The WSJ has identified and mapped out a network of brokers and advertising exchanges whose data flows from apps to Defense Department, intelligence agencies, and the FBI. The WSJ has compiled this information into several illustrative animated graphs that bring the whole scheme to life.
 
Here’s how it works: As soon as you open an ad-supported app on your phone, data from your device is recorded and transmitted to buyers. The moment before an app serves you an ad, all advertisers in the bidding process are given access to information about your device. The first information up for bids is your location, IP address, device, and browser type. Ad services also record information about your interests and develop intricate assumptions about you.
 
Many data brokers regularly sell Americans’ information to the government, where it may be used for cybersecurity, counterterrorism, counterintelligence, and public safety – or whatever a federal agency deems as such.
 
Polls show that Americans are increasingly concerned about their digital privacy but are also fatalistic and unaware about their privacy options as consumers.
 
According to a recent poll by Pew published last month, 81 percent of U.S. adults are concerned about how companies use the data they collect. Seventy-one percent are concerned about how the government uses their data, up from 64 percent in 2019. There is also an increasing feeling of helplessness: 73 percent of adults say they have little to no control over what companies do with their data, while 79 percent feel the same towards the government. The number of concerned Americans rises to 89 percent when the issue of children’s online privacy is polled. Crucially, 72 percent of Americans believe there should be more regulation governing the use of digital data.
 
Despite high levels of concern, nearly 60 percent of Americans do not read the privacy policies of apps and social media services they use. Most Americans do not have the time or legal expertise to carefully study every privacy policy they encounter. Given that one must accept these terms or not be online, it is simply impractical to expect Americans do so.
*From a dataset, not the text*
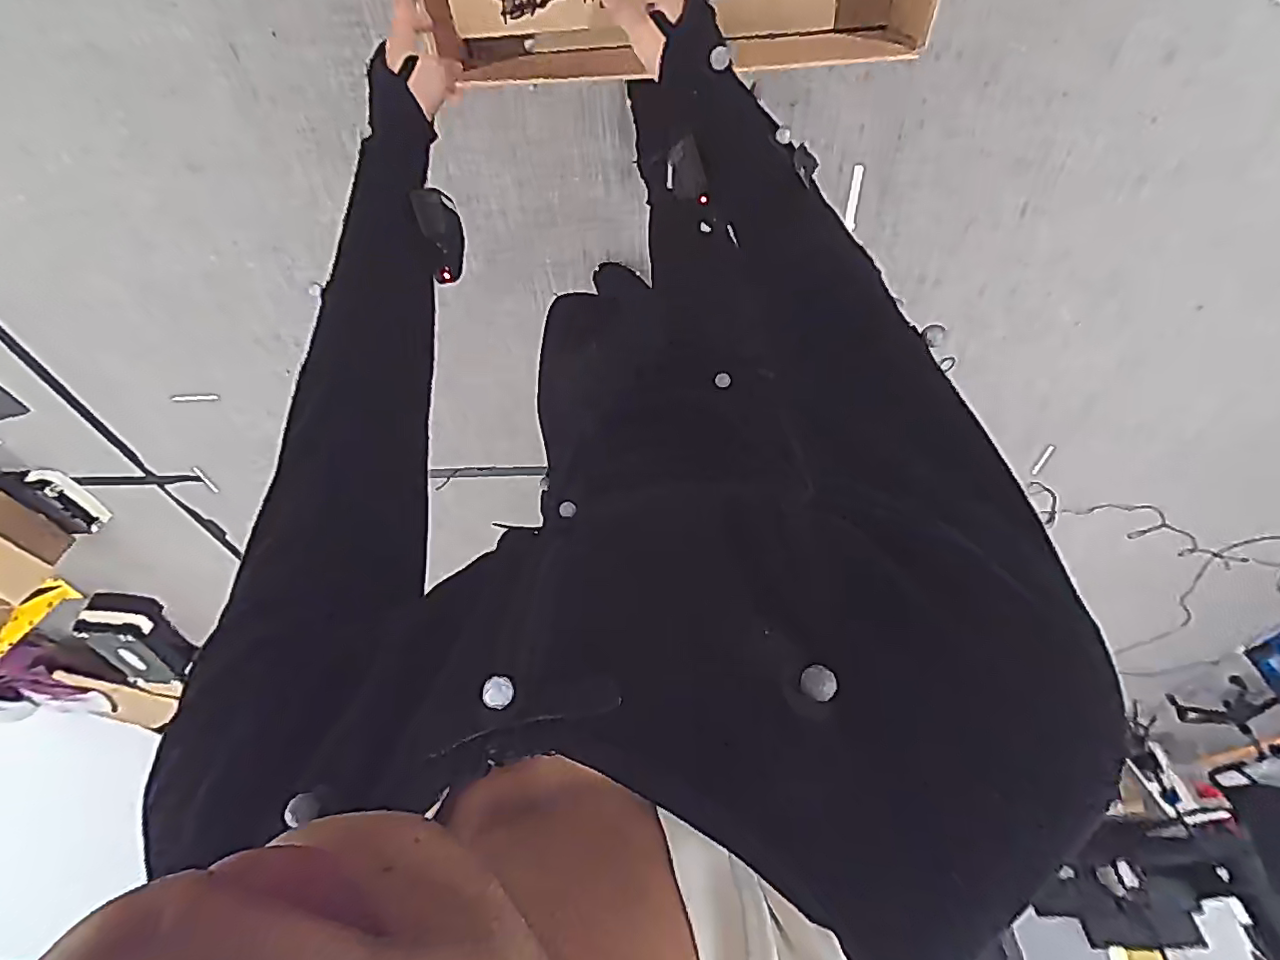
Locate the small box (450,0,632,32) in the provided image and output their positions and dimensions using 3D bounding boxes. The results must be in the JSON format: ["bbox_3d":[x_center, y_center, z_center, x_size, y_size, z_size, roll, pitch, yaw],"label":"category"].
[{"bbox_3d":[-0.093,-0.539,0.499,0.168,0.176,0.179,-1,136,3],"label":"small box"}]

Yet government agencies assert that it is acceptable to collect and review Americans’ most personal data without a warrant because we have knowingly signed away our rights.
 
There is good news. In the struggle for government surveillance reform currently taking place on Capitol Hill – and the introduction of the Protect Liberty and End Warrantless Surveillance Act – Americans are getting a better understanding of the costs of being treated as digital chattel by data brokers and government.